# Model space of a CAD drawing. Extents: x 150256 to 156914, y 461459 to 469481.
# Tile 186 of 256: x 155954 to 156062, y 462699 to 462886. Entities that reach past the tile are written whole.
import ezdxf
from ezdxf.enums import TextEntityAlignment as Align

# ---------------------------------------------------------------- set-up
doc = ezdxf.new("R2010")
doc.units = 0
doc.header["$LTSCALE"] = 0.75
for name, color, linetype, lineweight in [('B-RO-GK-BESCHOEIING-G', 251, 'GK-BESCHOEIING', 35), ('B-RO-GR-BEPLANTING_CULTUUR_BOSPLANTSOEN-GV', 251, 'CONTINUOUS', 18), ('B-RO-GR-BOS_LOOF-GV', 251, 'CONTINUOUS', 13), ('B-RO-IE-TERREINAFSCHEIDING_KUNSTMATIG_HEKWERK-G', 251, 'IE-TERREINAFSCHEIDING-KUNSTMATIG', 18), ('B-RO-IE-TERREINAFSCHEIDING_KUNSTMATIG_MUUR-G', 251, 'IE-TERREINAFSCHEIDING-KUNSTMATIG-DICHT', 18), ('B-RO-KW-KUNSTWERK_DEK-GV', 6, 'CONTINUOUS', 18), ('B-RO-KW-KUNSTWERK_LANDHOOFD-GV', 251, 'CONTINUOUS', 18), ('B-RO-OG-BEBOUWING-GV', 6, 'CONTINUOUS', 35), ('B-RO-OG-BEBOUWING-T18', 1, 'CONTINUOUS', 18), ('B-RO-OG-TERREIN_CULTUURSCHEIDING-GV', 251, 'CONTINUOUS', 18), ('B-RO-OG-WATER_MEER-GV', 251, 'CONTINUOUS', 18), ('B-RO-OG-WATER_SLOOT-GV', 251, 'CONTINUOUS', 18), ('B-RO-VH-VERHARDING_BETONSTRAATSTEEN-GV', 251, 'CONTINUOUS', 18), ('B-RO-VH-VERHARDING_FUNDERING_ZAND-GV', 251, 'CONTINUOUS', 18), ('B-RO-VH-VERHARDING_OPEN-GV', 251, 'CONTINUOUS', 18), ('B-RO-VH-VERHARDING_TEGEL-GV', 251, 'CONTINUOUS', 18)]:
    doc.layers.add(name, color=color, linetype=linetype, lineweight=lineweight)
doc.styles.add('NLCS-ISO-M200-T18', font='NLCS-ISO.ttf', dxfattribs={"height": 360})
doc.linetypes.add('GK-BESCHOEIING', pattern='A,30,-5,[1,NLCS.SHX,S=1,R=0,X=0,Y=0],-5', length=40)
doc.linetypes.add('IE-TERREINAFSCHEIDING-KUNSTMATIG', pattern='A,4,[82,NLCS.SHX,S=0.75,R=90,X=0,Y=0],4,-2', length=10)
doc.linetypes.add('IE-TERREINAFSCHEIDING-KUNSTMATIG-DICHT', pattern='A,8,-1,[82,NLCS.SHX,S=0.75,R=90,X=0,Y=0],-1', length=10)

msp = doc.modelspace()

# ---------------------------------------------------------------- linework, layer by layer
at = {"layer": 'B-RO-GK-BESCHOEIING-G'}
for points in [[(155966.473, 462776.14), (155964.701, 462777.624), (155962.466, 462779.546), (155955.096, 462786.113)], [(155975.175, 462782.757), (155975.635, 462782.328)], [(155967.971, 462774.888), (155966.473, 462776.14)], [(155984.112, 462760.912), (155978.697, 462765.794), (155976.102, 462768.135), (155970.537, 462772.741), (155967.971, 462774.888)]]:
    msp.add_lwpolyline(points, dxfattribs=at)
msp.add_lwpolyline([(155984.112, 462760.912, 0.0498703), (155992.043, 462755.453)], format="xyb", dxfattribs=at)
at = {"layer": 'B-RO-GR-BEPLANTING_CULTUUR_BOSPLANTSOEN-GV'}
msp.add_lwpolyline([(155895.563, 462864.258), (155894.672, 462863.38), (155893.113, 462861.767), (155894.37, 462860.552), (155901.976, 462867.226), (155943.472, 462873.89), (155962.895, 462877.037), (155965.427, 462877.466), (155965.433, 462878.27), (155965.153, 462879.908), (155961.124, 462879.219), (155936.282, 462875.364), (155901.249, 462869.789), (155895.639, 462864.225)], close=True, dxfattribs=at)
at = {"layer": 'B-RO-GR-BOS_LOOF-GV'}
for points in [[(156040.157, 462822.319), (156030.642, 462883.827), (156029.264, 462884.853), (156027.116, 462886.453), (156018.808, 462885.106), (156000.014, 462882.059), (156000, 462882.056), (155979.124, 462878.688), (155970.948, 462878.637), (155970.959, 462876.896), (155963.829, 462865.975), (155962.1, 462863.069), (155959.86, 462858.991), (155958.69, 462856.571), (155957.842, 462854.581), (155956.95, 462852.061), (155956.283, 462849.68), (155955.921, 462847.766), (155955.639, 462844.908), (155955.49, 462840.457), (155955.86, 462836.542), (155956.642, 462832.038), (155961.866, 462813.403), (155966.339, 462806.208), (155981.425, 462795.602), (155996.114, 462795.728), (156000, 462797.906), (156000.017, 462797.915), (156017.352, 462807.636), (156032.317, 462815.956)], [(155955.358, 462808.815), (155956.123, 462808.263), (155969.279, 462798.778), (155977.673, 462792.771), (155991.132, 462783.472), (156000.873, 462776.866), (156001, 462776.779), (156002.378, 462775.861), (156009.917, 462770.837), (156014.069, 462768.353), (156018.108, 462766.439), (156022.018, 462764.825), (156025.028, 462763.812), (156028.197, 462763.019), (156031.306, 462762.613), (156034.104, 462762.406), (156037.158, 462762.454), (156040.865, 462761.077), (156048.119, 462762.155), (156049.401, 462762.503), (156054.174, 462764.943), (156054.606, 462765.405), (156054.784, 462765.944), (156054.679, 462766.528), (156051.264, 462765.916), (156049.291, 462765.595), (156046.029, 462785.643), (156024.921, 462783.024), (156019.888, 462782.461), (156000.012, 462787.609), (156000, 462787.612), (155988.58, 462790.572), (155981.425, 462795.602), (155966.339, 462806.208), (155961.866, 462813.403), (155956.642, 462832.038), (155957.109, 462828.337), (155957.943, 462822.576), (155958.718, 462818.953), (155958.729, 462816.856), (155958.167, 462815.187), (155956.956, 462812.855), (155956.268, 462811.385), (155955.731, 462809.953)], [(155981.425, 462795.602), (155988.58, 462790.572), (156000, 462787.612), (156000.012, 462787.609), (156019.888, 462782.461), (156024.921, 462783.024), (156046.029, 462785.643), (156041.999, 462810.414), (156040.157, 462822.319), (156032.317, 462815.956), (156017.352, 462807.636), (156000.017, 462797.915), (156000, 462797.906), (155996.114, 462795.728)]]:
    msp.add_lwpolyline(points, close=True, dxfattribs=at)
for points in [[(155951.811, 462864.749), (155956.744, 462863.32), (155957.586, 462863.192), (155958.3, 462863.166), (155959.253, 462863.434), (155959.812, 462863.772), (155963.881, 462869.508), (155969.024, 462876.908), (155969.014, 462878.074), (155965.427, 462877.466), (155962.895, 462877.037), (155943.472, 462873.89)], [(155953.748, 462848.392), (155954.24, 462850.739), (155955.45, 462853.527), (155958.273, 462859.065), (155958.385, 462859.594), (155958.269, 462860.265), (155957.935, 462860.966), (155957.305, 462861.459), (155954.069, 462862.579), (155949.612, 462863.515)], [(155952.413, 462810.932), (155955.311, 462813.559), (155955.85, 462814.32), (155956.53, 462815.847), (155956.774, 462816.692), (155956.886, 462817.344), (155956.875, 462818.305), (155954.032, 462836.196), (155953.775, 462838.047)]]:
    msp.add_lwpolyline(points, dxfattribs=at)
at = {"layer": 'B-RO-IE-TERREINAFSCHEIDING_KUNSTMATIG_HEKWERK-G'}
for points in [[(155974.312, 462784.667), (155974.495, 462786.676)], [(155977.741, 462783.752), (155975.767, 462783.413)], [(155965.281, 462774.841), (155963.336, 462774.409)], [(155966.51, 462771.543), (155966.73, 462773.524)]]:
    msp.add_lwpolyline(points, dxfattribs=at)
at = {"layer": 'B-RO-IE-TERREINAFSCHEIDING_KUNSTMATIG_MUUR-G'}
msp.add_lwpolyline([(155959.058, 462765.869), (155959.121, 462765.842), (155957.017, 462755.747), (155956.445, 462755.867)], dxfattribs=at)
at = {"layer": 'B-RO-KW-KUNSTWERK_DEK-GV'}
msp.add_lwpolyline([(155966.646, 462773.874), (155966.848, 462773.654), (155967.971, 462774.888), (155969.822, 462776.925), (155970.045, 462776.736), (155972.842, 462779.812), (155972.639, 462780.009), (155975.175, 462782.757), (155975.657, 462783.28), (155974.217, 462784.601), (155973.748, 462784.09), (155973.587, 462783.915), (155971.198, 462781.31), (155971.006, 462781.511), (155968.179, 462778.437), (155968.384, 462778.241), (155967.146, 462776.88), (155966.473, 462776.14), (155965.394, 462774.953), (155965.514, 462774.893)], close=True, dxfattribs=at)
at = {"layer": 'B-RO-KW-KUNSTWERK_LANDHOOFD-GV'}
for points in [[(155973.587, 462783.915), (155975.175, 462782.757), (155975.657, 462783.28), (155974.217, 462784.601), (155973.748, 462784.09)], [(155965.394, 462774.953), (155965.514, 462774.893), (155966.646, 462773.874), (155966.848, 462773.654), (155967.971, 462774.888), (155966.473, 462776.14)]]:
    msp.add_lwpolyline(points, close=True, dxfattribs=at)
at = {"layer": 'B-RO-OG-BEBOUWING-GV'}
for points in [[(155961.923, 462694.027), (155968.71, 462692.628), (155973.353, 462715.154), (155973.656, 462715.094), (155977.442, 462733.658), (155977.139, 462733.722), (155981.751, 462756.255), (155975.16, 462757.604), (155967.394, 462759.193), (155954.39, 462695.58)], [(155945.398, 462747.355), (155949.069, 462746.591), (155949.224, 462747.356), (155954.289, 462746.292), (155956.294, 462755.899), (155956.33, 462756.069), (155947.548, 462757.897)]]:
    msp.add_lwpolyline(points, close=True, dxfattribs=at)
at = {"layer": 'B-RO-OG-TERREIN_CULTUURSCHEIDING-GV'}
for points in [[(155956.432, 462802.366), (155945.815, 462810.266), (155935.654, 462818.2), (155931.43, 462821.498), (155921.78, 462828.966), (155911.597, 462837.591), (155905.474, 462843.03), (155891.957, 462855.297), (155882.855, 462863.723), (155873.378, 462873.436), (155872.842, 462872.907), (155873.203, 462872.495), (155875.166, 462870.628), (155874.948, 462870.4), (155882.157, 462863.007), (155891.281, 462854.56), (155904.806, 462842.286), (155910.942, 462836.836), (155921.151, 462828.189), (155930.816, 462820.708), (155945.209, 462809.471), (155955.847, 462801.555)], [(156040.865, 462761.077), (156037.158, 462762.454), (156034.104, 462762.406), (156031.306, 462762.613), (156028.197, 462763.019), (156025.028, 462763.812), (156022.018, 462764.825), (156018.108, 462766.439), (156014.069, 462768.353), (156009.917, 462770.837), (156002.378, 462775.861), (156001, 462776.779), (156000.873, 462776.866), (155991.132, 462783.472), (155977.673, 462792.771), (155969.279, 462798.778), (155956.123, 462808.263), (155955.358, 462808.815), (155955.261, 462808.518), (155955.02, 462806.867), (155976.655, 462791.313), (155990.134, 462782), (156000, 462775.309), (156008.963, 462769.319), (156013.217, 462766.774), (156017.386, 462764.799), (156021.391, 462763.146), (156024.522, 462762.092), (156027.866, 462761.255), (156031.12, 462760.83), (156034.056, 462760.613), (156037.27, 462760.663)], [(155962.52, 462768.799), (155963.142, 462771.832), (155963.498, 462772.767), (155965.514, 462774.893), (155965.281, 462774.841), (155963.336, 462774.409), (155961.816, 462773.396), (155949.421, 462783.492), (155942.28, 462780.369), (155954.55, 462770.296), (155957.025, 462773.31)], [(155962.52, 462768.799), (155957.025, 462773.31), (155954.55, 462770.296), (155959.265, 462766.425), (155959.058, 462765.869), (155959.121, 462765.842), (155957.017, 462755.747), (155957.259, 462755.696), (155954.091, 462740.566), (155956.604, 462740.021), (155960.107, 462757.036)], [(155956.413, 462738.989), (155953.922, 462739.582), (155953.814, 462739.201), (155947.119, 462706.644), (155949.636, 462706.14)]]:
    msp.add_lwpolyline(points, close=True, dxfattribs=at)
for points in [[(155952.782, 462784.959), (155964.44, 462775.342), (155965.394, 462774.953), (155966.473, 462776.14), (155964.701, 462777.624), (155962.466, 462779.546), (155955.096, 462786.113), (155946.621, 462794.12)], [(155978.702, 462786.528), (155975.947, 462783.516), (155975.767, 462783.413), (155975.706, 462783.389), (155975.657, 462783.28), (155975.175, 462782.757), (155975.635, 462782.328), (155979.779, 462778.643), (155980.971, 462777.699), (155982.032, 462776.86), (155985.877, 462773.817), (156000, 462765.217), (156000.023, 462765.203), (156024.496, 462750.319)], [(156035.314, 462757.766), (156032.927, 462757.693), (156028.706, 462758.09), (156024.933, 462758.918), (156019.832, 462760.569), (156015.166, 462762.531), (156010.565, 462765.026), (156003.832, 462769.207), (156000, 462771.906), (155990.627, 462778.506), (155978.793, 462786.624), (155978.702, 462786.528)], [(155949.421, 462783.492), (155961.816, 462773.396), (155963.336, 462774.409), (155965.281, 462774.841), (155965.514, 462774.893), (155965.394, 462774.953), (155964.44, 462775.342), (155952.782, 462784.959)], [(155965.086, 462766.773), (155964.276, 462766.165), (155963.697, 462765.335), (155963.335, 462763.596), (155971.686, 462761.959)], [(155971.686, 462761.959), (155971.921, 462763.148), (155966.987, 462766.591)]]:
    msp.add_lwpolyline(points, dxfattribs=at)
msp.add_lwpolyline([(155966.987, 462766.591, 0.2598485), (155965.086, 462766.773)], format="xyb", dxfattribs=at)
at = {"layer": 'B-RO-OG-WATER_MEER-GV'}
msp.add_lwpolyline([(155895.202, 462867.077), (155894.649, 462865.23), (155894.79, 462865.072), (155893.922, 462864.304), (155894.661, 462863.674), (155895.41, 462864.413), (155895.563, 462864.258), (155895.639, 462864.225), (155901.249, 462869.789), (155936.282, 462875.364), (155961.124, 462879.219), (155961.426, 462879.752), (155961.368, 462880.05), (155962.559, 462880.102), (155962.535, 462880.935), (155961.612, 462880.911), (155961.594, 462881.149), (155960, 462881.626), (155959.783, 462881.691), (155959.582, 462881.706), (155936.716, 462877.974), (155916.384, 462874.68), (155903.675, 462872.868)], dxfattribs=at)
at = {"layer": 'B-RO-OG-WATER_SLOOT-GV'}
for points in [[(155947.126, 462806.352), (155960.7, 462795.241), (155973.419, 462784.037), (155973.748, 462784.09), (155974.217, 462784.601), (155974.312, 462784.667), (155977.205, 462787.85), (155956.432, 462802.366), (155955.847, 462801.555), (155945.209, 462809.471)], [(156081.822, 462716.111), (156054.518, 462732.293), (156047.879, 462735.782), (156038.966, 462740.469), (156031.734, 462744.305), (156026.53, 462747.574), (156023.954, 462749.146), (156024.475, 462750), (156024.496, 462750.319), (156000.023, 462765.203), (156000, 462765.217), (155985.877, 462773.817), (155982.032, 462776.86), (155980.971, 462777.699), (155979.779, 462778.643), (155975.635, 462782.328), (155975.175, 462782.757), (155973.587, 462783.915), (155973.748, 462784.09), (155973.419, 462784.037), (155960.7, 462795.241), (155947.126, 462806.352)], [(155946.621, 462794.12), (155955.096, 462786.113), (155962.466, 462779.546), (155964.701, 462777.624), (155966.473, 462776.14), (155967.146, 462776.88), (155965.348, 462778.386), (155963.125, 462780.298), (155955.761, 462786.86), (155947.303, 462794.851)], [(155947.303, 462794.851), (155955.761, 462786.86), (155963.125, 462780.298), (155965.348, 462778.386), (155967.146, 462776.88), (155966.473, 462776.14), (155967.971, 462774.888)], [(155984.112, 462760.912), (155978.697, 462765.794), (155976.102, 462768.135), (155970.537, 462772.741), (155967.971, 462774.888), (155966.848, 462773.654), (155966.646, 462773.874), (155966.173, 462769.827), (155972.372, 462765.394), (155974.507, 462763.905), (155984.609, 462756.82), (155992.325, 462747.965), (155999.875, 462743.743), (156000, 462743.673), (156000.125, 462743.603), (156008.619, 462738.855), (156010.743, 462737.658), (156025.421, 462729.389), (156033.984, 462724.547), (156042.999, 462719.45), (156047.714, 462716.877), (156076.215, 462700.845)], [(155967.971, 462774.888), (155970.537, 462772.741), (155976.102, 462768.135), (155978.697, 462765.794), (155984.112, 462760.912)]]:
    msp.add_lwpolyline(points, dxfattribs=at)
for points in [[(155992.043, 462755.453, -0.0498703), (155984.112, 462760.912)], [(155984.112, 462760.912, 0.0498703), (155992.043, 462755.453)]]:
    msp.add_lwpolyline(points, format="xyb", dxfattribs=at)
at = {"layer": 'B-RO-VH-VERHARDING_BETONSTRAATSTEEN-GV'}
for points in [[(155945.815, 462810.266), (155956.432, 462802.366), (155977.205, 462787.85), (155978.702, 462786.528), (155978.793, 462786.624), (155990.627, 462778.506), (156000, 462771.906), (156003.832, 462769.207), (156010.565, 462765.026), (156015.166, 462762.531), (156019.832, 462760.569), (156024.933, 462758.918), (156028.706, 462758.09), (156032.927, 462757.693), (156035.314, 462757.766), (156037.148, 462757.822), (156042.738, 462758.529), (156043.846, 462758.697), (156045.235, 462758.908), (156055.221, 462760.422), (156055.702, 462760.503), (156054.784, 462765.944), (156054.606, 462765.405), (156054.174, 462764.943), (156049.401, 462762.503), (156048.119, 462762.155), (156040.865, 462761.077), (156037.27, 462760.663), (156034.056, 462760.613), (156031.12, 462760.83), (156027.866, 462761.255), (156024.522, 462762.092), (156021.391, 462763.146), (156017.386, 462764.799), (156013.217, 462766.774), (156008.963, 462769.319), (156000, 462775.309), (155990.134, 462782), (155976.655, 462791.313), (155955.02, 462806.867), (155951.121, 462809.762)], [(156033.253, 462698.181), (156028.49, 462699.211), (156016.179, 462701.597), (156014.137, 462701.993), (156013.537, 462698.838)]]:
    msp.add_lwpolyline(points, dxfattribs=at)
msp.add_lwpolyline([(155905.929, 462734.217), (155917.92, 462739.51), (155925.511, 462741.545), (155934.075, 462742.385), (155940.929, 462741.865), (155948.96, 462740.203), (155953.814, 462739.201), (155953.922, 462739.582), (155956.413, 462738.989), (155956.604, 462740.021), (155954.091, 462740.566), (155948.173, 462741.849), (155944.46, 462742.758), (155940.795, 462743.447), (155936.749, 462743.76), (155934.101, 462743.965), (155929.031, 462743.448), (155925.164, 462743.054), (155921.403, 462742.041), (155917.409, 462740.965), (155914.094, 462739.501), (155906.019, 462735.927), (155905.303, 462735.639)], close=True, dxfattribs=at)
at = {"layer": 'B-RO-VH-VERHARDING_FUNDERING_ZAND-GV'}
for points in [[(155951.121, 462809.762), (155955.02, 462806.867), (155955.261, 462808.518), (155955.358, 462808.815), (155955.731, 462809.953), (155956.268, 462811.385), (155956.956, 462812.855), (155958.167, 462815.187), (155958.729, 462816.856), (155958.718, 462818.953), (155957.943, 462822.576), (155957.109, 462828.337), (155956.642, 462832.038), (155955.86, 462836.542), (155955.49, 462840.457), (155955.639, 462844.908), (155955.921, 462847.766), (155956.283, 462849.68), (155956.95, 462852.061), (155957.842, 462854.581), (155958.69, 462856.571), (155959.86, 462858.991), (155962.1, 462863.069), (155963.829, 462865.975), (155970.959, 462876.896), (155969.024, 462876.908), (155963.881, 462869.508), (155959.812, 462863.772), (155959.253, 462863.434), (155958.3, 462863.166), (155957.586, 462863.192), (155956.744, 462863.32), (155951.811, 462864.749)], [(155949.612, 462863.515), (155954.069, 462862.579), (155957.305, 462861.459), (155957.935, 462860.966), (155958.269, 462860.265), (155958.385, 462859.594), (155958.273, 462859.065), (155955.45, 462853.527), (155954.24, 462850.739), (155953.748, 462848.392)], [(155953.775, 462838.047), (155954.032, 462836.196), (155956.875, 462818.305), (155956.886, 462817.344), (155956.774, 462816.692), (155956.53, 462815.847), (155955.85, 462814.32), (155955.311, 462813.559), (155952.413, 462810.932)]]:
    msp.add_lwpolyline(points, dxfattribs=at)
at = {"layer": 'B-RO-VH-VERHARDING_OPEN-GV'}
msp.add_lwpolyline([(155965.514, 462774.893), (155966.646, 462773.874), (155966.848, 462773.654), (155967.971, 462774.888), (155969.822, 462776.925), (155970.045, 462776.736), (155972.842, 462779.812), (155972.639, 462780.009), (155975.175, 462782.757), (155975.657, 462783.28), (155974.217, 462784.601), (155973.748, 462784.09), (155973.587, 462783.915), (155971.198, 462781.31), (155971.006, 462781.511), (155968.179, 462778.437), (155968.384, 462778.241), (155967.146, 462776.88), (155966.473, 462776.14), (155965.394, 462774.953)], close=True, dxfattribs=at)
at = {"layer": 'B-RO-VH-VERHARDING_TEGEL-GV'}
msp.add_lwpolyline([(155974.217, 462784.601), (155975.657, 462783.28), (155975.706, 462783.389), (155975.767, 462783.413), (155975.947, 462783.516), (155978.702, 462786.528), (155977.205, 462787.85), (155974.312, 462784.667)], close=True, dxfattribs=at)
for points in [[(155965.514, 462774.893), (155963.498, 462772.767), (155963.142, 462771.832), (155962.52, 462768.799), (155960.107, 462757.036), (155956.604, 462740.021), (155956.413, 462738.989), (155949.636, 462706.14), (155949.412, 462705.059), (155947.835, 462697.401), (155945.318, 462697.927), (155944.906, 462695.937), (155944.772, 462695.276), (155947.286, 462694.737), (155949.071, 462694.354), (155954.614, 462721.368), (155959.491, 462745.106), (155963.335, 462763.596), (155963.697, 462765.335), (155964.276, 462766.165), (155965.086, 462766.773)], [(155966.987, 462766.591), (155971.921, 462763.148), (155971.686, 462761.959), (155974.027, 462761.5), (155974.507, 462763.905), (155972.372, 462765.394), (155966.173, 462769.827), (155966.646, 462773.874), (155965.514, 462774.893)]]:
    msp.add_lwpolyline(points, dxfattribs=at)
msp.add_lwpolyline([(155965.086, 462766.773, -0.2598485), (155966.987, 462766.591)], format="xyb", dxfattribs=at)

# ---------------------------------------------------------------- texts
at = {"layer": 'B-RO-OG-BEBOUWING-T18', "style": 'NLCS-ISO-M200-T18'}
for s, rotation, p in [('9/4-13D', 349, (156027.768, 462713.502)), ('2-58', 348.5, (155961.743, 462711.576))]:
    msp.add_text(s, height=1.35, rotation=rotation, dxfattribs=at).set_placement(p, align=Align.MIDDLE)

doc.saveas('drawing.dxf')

_The task_
From the records above, return each line that has the string "pattern".

_Problem solution_
doc.linetypes.add('GK-BESCHOEIING', pattern='A,30,-5,[1,NLCS.SHX,S=1,R=0,X=0,Y=0],-5', length=40)
doc.linetypes.add('IE-TERREINAFSCHEIDING-KUNSTMATIG', pattern='A,4,[82,NLCS.SHX,S=0.75,R=90,X=0,Y=0],4,-2', length=10)
doc.linetypes.add('IE-TERREINAFSCHEIDING-KUNSTMATIG-DICHT', pattern='A,8,-1,[82,NLCS.SHX,S=0.75,R=90,X=0,Y=0],-1', length=10)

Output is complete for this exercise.